Full disclosure, I work at Foxglove right now. Before joining, I spent over seve...

Lazaruscv · 2025-10-03T18:27:46 1759516066

This is super insightful, thank you for laying it out so clearly. Your point about the error surfacing way after it first occurred is exactly the sort of issue we’re interested in tackling. Foxglove is doing a great job with visualization and aggregation; what we’re thinking is more of a complementary diagnostic layer that:

• Correlates syslogs with mcap/bag file anomalies automatically

• Flags when a hardware failure might have begun (not just when it manifests)

• Surfaces probable root causes instead of leaving teams to manually chase timestamps

From your experience across 50+ clients, which do you think is the bigger timesink: data triage across multiple logs/files or interpreting what the signals actually mean once you’ve found them?

msadowski · 2025-10-03T18:52:12 1759517532

In my case, it’s definitely the data triage. Once I see the signal, I usually have ideas on what’s happening but I’ve been doing this for 11 years.

Maybe there could be value in signal interpretation for purely software engineers but I reckon it would be hard for such team to build robots.

Lazaruscv · 2025-10-03T19:05:14 1759518314

Our current thinking is to focus heavily on automating triage across syslogs and bag/mcap files, since that’s where the hours really get burned, even for experienced folks. For interpretation, we see it more as an assistive layer (e.g., surfacing “likely causes” or linking to past incidents), rather than trying to replace domain expertise.

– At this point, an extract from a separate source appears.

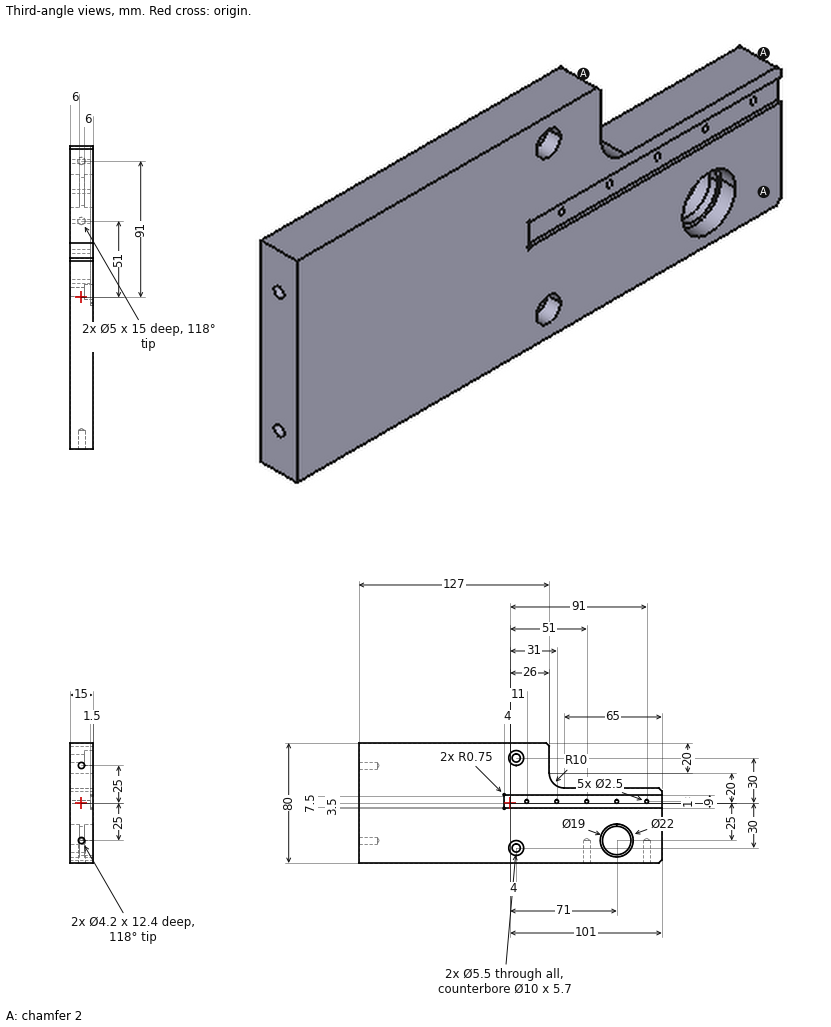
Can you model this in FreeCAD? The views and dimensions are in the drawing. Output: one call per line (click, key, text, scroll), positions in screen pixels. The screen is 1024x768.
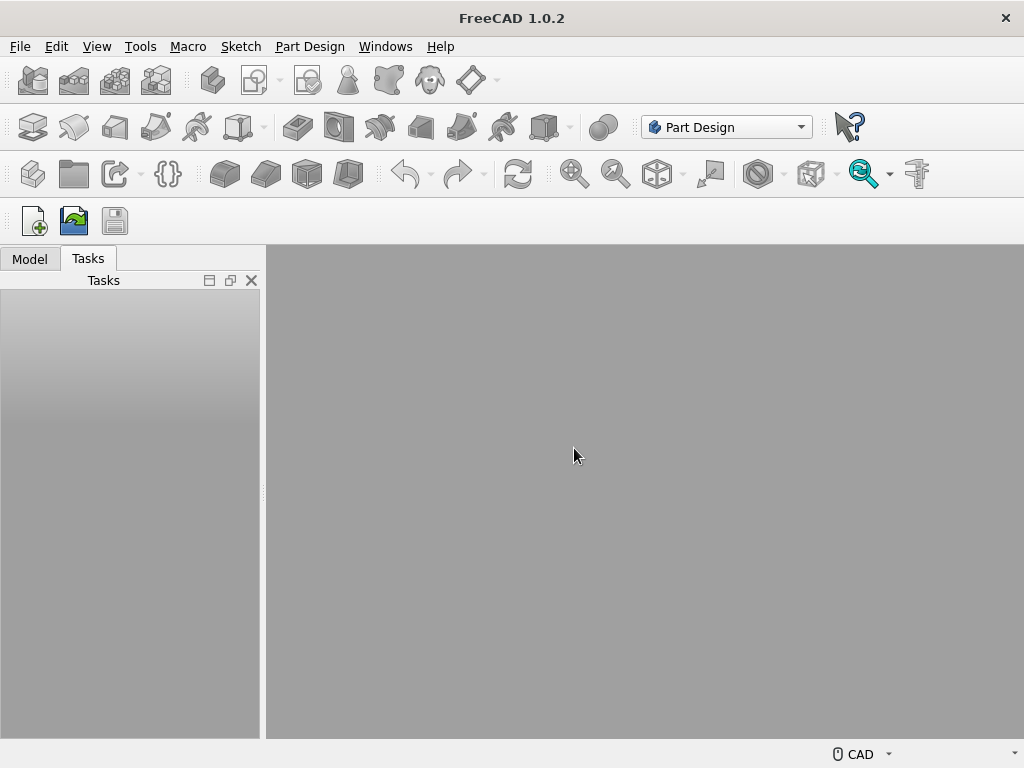
click(33, 222)

Do you think there are specific triage workflows where even a small automation (say, correlating error timestamps across syslog and bag files) would save meaningful time?

msadowski · 2025-10-04T05:34:18 1759556058

One thing that comes to mind is checking the timestamps across sensors and other topics. Two cases come to mind:

* I was setting up Ouster lidar to use gos time, don’t remember the details now but it was reporting the time ~32 seconds in the past (probably some leap seconds setting?)

* I had a ROS node misbehaving in some weird ways - it turned out there was a service call to insert something into db and for some reason the db started taking 5+ minutes to complete which wasn’t really appropriate for a blocking call

I think the timing is one thing that needs to be consistently done right on every platform. The other issues I came across were very application specific.